「お昼になってもあっついねぇ」
「ぴこー……」
佳乃ちゃんと二人肩を並べ、校門をくぐって外へ。外は相変わらずげんなりするような暑さで、留まった空気そのものが熱を持ってしまっているかのような感覚を覚えた。
「ポテトは大丈夫ぅ? もこもこの毛、暑くないかなぁ?」
「ぴこぴこ」
佳乃ちゃんから聞かれて、僕は首を縦に振った。確かにちょっと暑いけれど、僕は生まれた時からずっとふわふわのもこもこだ。こんな暑さにはもう、慣れっこになっちゃった。
「そっかぁ。ポテトはすごいねぇ。ぼくだったら暑くて大変だよぉ」
「ぴっこぴこー」
「うんうん。元気が一番っ! それじゃ、行こっかぁ」
「ぴっこり!」
頭をわしゃわしゃと撫でてもらってから、僕と佳乃ちゃんは歩き出した。佳乃ちゃんと一緒なら、どんなに暑くて日差しの強い日でも、元気に楽しく歩いていけるような気がする。僕は佳乃ちゃんの側にずっと一緒にいられたら、それだけでもう十分だと思った。
昨日一瞬垣間見せた悲しい表情が嘘のように、今日の佳乃ちゃんは笑っていた。
「あははっ。どうしたのポテトぉ? くすぐったいよぉ」
「ぴこぴこっ」
……だから、僕は佳乃ちゃんに悲しい顔なんてしていてほしくない。いつも太陽のように、あるいは大輪の向日葵のように、明るい笑顔を見せていて欲しい。そうすれば、僕もずっと笑っていられる。そうすれば、僕はずっと幸せでいることができる。
「……………………」
そうであってほしいと、僕は願うのだった。
「ねぇポテトぉ。せっかくだから、ちょっと寄り道して帰ろっかぁ」
「ぴこ?」
学校を出て歩き始めてからすぐ、佳乃ちゃんがそんな提案をした。今まで家に帰る途中に寄り道したことなんてなかったから、僕はちょっと驚くと同時に、なんだか面白そうだな、とも思った。
「ぴこぴこっ」
「おっけぇかなぁ? それじゃあ、こっちに向かってでっぱつしんこう~!」
「ぴっこぴこー!」
佳乃ちゃんの元気な掛け声に合わせて、僕たちはいつも歩いている道とは真逆の道を選んで歩き始めた。この先に何が待っているのかと期待に胸を膨らませながら、僕は佳乃ちゃんに遅れることなく歩いていく。
「この道の先はねぇ、今は使われてない駅に繋がってるんだぁ。古ーい道なんだよぉ」
「ぴこー……」
「その道の途中に空き地があってねぇ。
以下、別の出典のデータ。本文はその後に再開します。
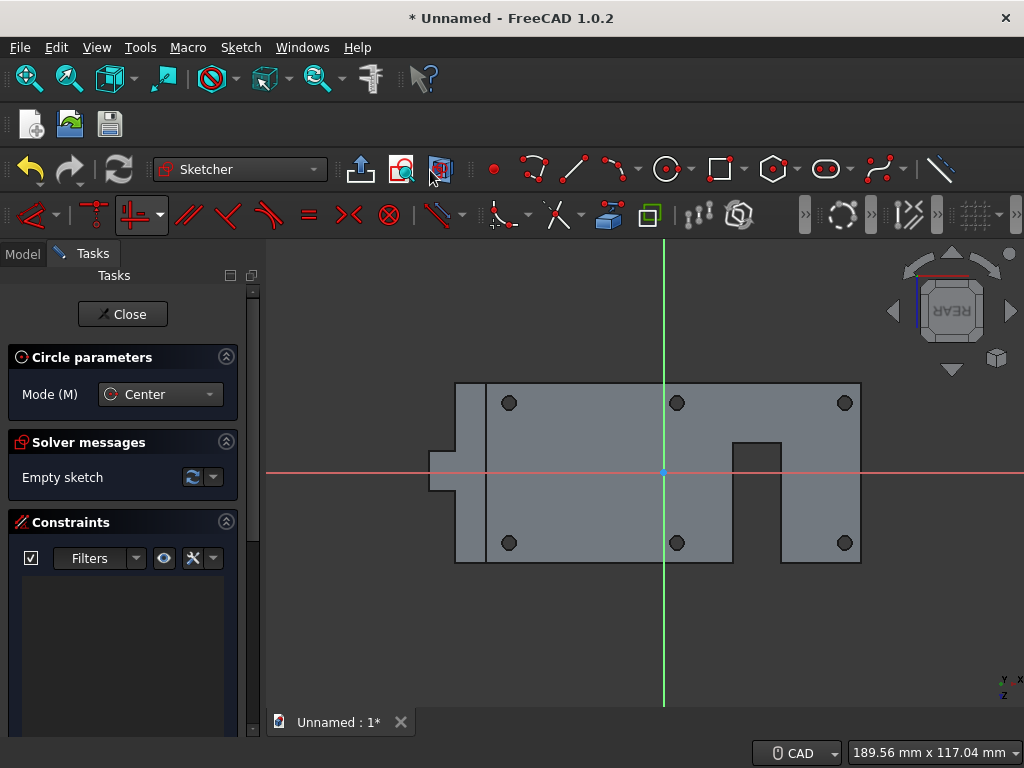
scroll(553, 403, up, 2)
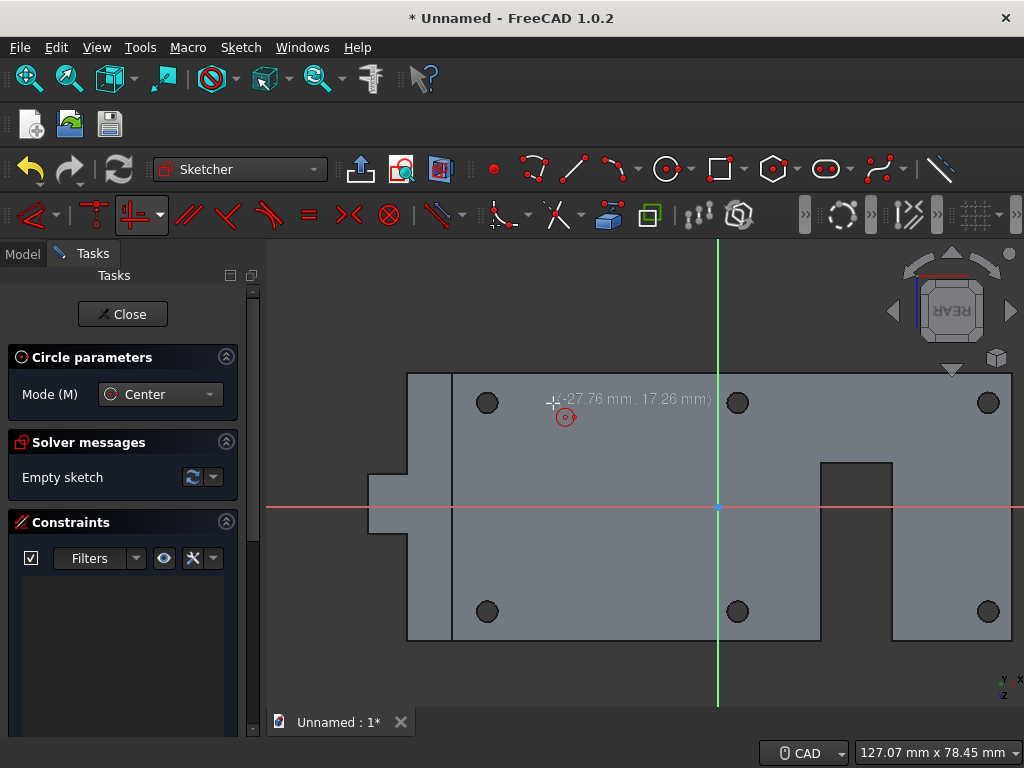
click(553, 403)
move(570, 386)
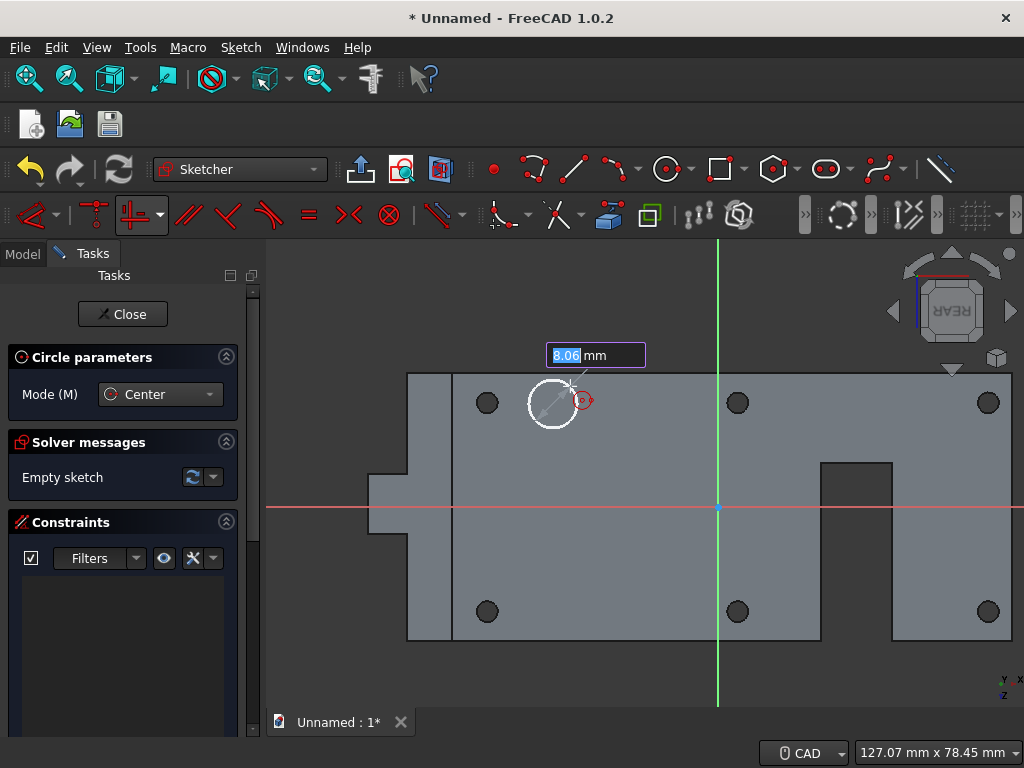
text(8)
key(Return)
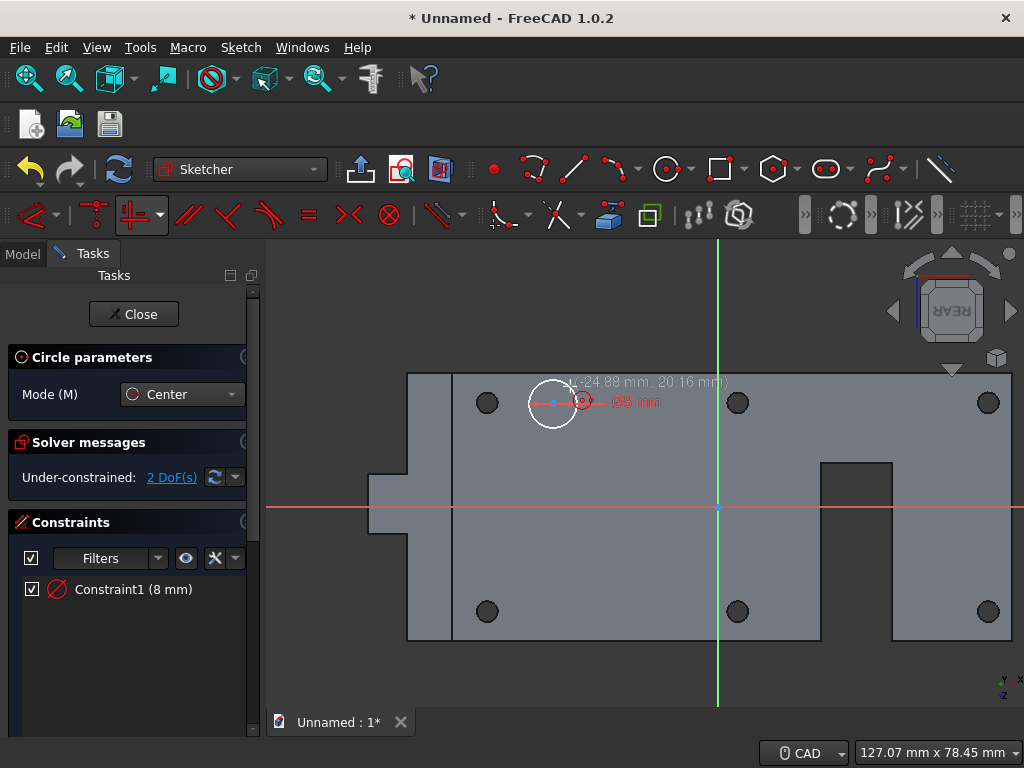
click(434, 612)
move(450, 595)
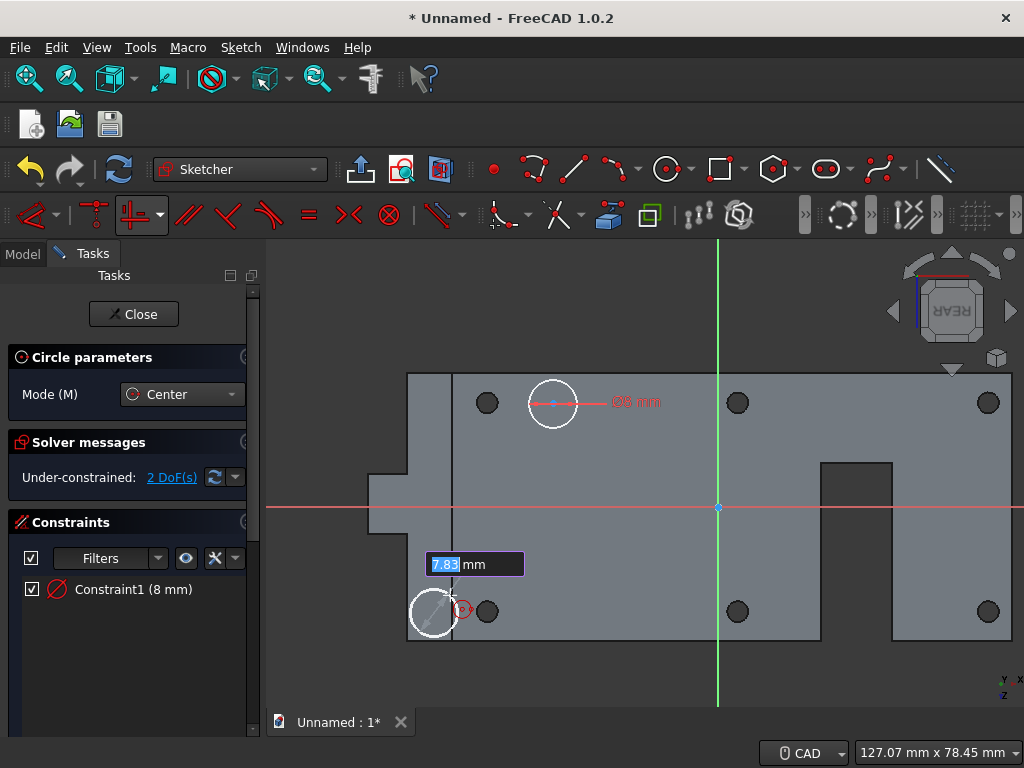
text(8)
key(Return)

小さい頃はそこでいーっぱい遊んだんだぁ。懐かしいよぉ」
口にした言葉どおり、佳乃ちゃんは少し空の方へと視線を向けて、何かを回顧するような面持ちをして見せた。佳乃ちゃんが言うからには、それは懐かしいばかりじゃなくて、楽しい思い出でもあるに違いない。空き地で友達と日が暮れるまでいっぱい遊んで、また遊ぼうって約束してから帰る。佳乃ちゃんも、そんな子供時代なら誰にでもあるようなありふれた光景の中を生きていたに違いない。
「まだあるかなぁ……あったらいいんだけどねぇ」
「ぴこー……」
そんなことを呟きながら、左右に住宅の立ち並ぶ道を歩いていく。佳乃ちゃんが「古い道」というだけあって、建っている家も皆どこか年代を感じさせるようなものばかりだ。薄くひびの入ったコンクリートの壁、剥がれ落ちた屋根瓦、雲って色あせた窓硝子、人気を感じさせない草ぼうぼうの庭……田舎町といえるこの町にあっても、この道の家々はその色を特に強く感じさせるものばかりだった。
「……また、一緒に遊べたらいいのにねぇ……」
小さい頃一緒に遊んだ友達のことを思い出しているのだろう。それが今では疎遠になってしまったか、忙しくて会うことさえできないのか。佳乃ちゃんは少し寂しげな色を乗せて、静かに言葉を口にした。
「……………………」
そうしてしばらく、古さと懐かしさに彩られた旧道を歩いていると。
「……あっ! ここだよポテトぉ。ここがねぇ、ぼくが小さい頃遊んだ空き地だよぉ。まだちゃんとあったよ~」
「ぴこ~」
道の右隣に見えた、ぽかんと開いた空間。佳乃ちゃんの指差す先に、その空き地はあった。背の高い草に覆われ、中の様子はちょっと分かりにくくなってしまっている。佳乃ちゃんがいた頃は、それらはただの雑草に過ぎなかったのだろう。草の背丈がそのまま、この場所から人が遠ざかって過ぎ去った年月を物語っているかのようだった。
「ぴこぴこ……」
ここが佳乃ちゃんが遊んだ空き地なのか……と、僕は少し感慨に耽りながら中を見つめる。草の合間を縫えば、見えにくくなっているとは言え中の様子をうかがうことはできる。この空き地はまさに「空き地」という言葉から連想できるようなロケーションで、その中心付近には後で使うつもりかはたまたここを投棄場所に選んだか、すっかりさび付いた鉄骨やパイプの姿も見て取れた。このまま年月が経てば、それらも土へと還って行くのだろう。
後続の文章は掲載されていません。